Jones was sentenced to 99 and 60 years for each crime.  At the time of trial, Millsap told the Washington Post, “There will be no additional indictments of Genene Jones. No useful purpose will be served. I think [she] will spend the rest of her life in jail.”  But that statement was wrong.  Jones could be paroled in 5 years for good behavior, inmate reduction policies, and other relevant laws.  Her release date is set for 2018.  This fact, apparently unrealized by prosecutors until now, has sparked renewed interest and activity in the case.  Nearly 30 years later, Bexar County District Attorney Susan D. Reed is reviewing evidence and getting in touch with parents of those suspected of being Jones’ victims.

“She was implicated in the deaths of 47 little babies,” Reed told HLN’s Kyra Phillips. “We cannot have someone like that free…anybody who shows so little compassion for children should not receive compassion under the parole system.”

Joyce Riley, who worked at Bexar with Jones, said she discovered a disturbing trend of infants dying in 1979 while conducting an audit of records.  Riley zeroed in on the times of death and found that they all had one thing in common: the 3 to 11 p.m. shift.  She continued her investigation and discovered that one nurse kept coming up every time a baby died, Jones.

“I went to my boss and I said, ‘There’s a problem up there,'” she said. “‘And I can show you that these babies died on 3-11 only and that they all died with Genene Jones.’ And I was told, ‘I’m sorry Joyce, if you say that again, you’ll be fired and you’ll be sued for slander and you’ll never work again.'”

Riley says she was immediately reassigned.  Riley was convinced these babies’ deaths were not natural, “She would find something and someway, either heparin or Dilantin or succinylcholine…she would crash that baby…and then knowing how she crashed that baby, she could help revive the baby and be the hero…she loved that!”

Riley wasn’t the only hospital worker who discovered what was going on, Cheri Pendergraft also told administrators she was concerned Jones was inappropriately drugging babies.

“The death rate was higher than it had been…so we started to question why…and I also noticed that it tended to concentrate more on the 3-11 shift, which was the shift that Genene was working mostly,” Pendergraft said.

When Jones left Bexar she went to work for a private clinic where 15-month-old Chelsea McClellan came in for a routine shot and died.  While her mother, Patti McClellan-Wiese held her; Jones injected something other than just a routine shot into Chelsea.

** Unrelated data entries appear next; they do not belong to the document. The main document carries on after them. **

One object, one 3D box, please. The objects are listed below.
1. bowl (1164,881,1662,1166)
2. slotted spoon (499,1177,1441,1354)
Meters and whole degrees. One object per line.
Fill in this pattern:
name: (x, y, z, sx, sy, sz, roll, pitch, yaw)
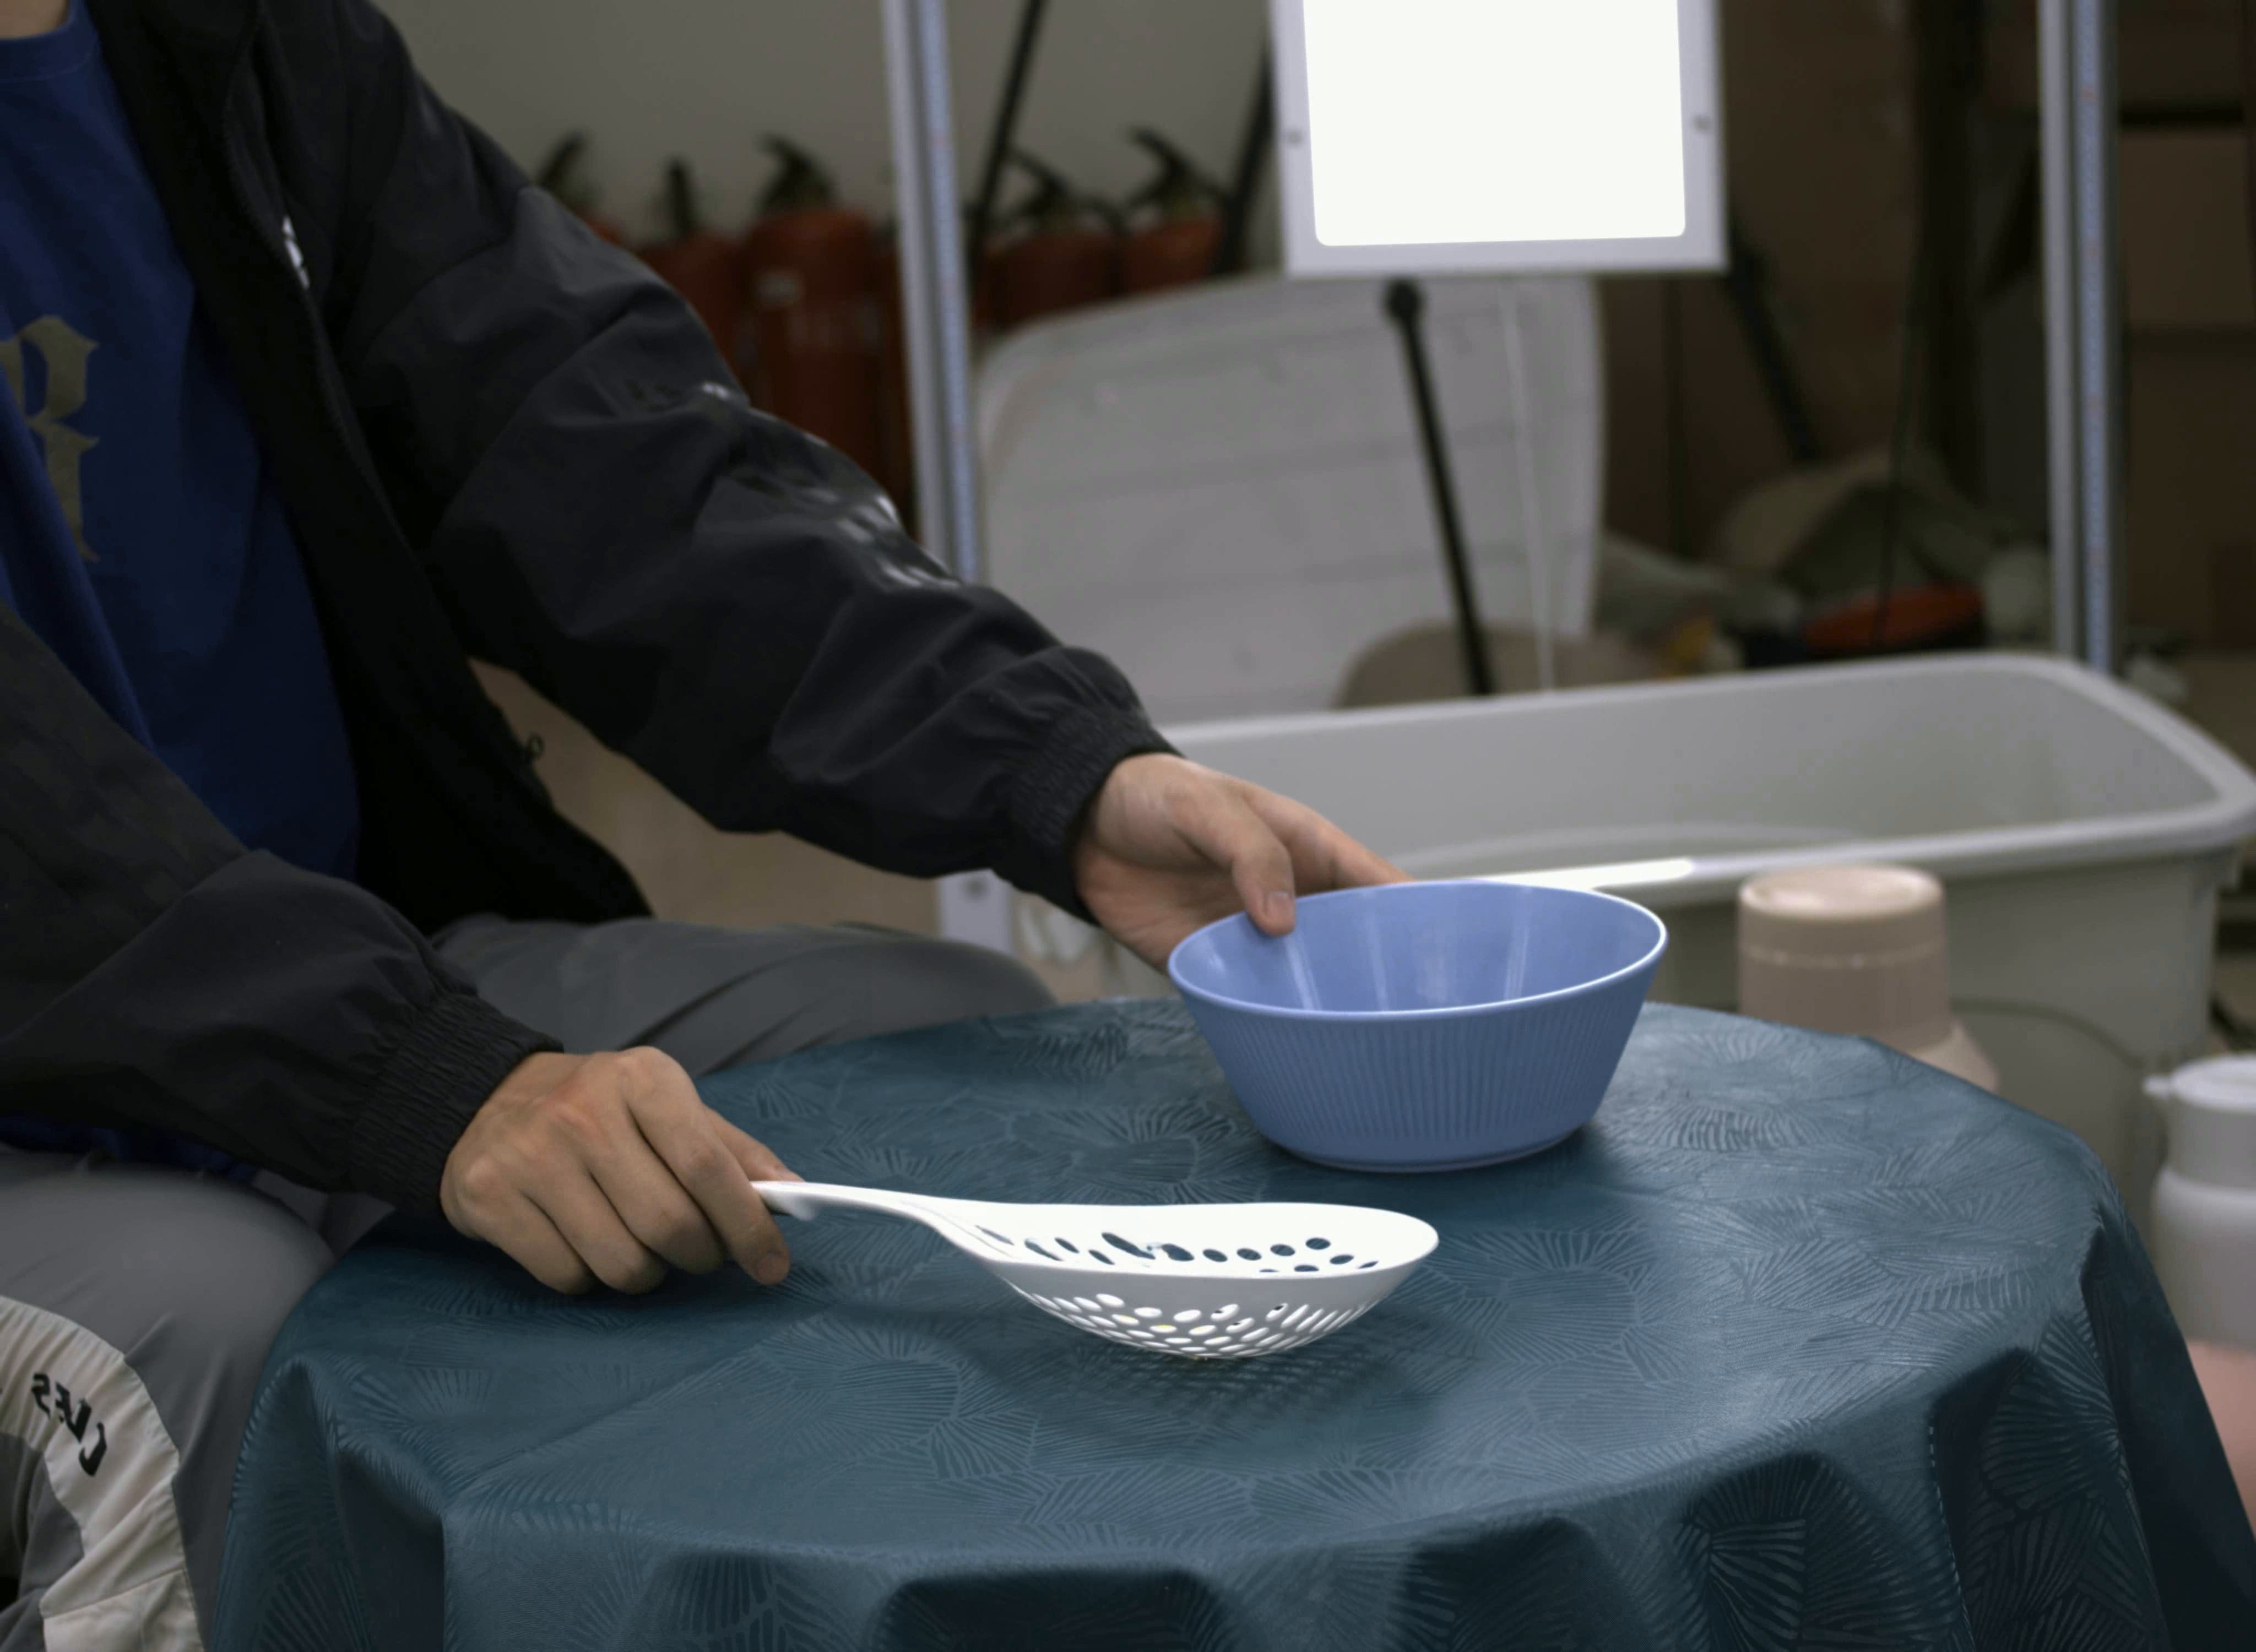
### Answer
bowl: (0.102, 0.071, 1.931, 0.175, 0.070, 0.176, -4, 14, 0)
slotted spoon: (-0.062, 0.134, 1.783, 0.355, 0.050, 0.133, 6, 11, 35)

“She gave her her first shot in her left thigh and she immediately started gasping for air,” McClellan-Wiese told HLN in August. Then Jones gave her another shot, “She immediately went limp and quit breathing.”

Doctors resuscitated Chelsea and rushed her to the hospital, but amidst the chaos, Jones slipped into the ambulance with Chelsea and gave her a final injection, which killed her.  McClellan-Wiese says she tried to say something was wrong, but everyone just ignored her as the grieving mother.  Jones had injected her daughter with a muscle relaxant, enough to sedate six grown men.

“Losing a child is something you never get over. You just learn to cope,” McClellan-Wiese said.

Investigating Jones’ other suspected victims will not be easy.  The dean of the hospital at the time is dead, as is the director of nursing, and the head pediatric nurse.  Reed is still looking at the possibility of trying Jones.  She is interviewing the original prosecutor and the trial attorney.  She is also looking into any admissions Jones may have made while in prison.

“I can’t promise that we can re-create this,” she said. “There are going to be issues with missing witnesses and whether the documents are there…but we’re going to look at this…to see…what it is we can do. And if we can do it, we’ll do it.”

Jones is currently in poor health and has never confessed to any of the suspected murders.  Shortly after one of only two convictions she said, “If I have to spend 99 years in solitary, I could live with myself, because I didn’t do anything.”